Capital asset pricing model


Question:

Review the background material on the capital asset pricing model, the material on the dividend growth model, and arbitrage pricing theory and do some of your own research using internet. These models provide some insights and tools to estimate the rate of return that investors in ST. JUDE MEDICAL 'require' in the sense that if they don't see the possibility that they'll earn that rate of return they'll sell the shares and that of course will lower the market price per share.

These models use a set of assumptions that are not necessarily tenable.

You are asked by your board of directors to write a report explaining the challenge of estimating or coming with a good 'feel' for the "cost of equity capital" or the rate of return that you feel your company investors require as the minimum rate of return that they expect of require your company to earn on their investment in the shares of the company.
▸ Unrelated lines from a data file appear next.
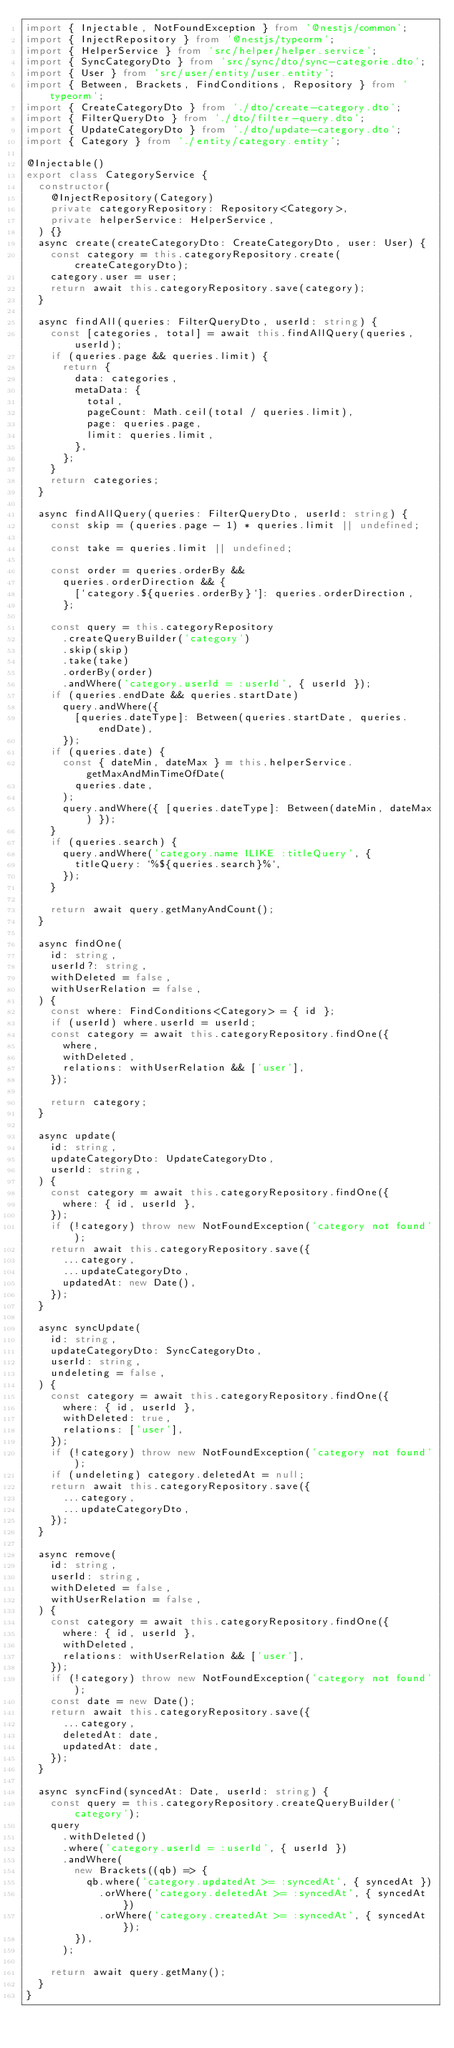<code> <loc_0><loc_0><loc_500><loc_500><_TypeScript_>import { Injectable, NotFoundException } from '@nestjs/common';
import { InjectRepository } from '@nestjs/typeorm';
import { HelperService } from 'src/helper/helper.service';
import { SyncCategoryDto } from 'src/sync/dto/sync-categorie.dto';
import { User } from 'src/user/entity/user.entity';
import { Between, Brackets, FindConditions, Repository } from 'typeorm';
import { CreateCategoryDto } from './dto/create-category.dto';
import { FilterQueryDto } from './dto/filter-query.dto';
import { UpdateCategoryDto } from './dto/update-category.dto';
import { Category } from './entity/category.entity';

@Injectable()
export class CategoryService {
  constructor(
    @InjectRepository(Category)
    private categoryRepository: Repository<Category>,
    private helperService: HelperService,
  ) {}
  async create(createCategoryDto: CreateCategoryDto, user: User) {
    const category = this.categoryRepository.create(createCategoryDto);
    category.user = user;
    return await this.categoryRepository.save(category);
  }

  async findAll(queries: FilterQueryDto, userId: string) {
    const [categories, total] = await this.findAllQuery(queries, userId);
    if (queries.page && queries.limit) {
      return {
        data: categories,
        metaData: {
          total,
          pageCount: Math.ceil(total / queries.limit),
          page: queries.page,
          limit: queries.limit,
        },
      };
    }
    return categories;
  }

  async findAllQuery(queries: FilterQueryDto, userId: string) {
    const skip = (queries.page - 1) * queries.limit || undefined;

    const take = queries.limit || undefined;

    const order = queries.orderBy &&
      queries.orderDirection && {
        [`category.${queries.orderBy}`]: queries.orderDirection,
      };

    const query = this.categoryRepository
      .createQueryBuilder('category')
      .skip(skip)
      .take(take)
      .orderBy(order)
      .andWhere('category.userId = :userId', { userId });
    if (queries.endDate && queries.startDate)
      query.andWhere({
        [queries.dateType]: Between(queries.startDate, queries.endDate),
      });
    if (queries.date) {
      const { dateMin, dateMax } = this.helperService.getMaxAndMinTimeOfDate(
        queries.date,
      );
      query.andWhere({ [queries.dateType]: Between(dateMin, dateMax) });
    }
    if (queries.search) {
      query.andWhere('category.name ILIKE :titleQuery', {
        titleQuery: `%${queries.search}%`,
      });
    }

    return await query.getManyAndCount();
  }

  async findOne(
    id: string,
    userId?: string,
    withDeleted = false,
    withUserRelation = false,
  ) {
    const where: FindConditions<Category> = { id };
    if (userId) where.userId = userId;
    const category = await this.categoryRepository.findOne({
      where,
      withDeleted,
      relations: withUserRelation && ['user'],
    });

    return category;
  }

  async update(
    id: string,
    updateCategoryDto: UpdateCategoryDto,
    userId: string,
  ) {
    const category = await this.categoryRepository.findOne({
      where: { id, userId },
    });
    if (!category) throw new NotFoundException('category not found');
    return await this.categoryRepository.save({
      ...category,
      ...updateCategoryDto,
      updatedAt: new Date(),
    });
  }

  async syncUpdate(
    id: string,
    updateCategoryDto: SyncCategoryDto,
    userId: string,
    undeleting = false,
  ) {
    const category = await this.categoryRepository.findOne({
      where: { id, userId },
      withDeleted: true,
      relations: ['user'],
    });
    if (!category) throw new NotFoundException('category not found');
    if (undeleting) category.deletedAt = null;
    return await this.categoryRepository.save({
      ...category,
      ...updateCategoryDto,
    });
  }

  async remove(
    id: string,
    userId: string,
    withDeleted = false,
    withUserRelation = false,
  ) {
    const category = await this.categoryRepository.findOne({
      where: { id, userId },
      withDeleted,
      relations: withUserRelation && ['user'],
    });
    if (!category) throw new NotFoundException('category not found');
    const date = new Date();
    return await this.categoryRepository.save({
      ...category,
      deletedAt: date,
      updatedAt: date,
    });
  }

  async syncFind(syncedAt: Date, userId: string) {
    const query = this.categoryRepository.createQueryBuilder('category');
    query
      .withDeleted()
      .where('category.userId = :userId', { userId })
      .andWhere(
        new Brackets((qb) => {
          qb.where('category.updatedAt >= :syncedAt', { syncedAt })
            .orWhere('category.deletedAt >= :syncedAt', { syncedAt })
            .orWhere('category.createdAt >= :syncedAt', { syncedAt });
        }),
      );

    return await query.getMany();
  }
}
</code>

There are several asset pricing models used to estimate the cost of equity capital that you have read about for this module in the background materials. After reading through the background materials, write a report to the board of directors of ST JUDE MEDICAL in a FIVE page paper addressing the following issue:

Which of the three models (dividend growth, CAPM, or APT) is the best one for estimating the required rate of return (or discount rate) of your company?

In your paper include discussion of the following issues:

1. Ease of use of these three models

2. Accuracy of each of these three models

3. How realistic the assumptions of each model are

For this discussion you need to take a clear stand and pick one of these three models to defend to the Board of Directors. You cannot tell the Board of Directors that "I like all three models", they want you to come to them with a decisive choice of just one model.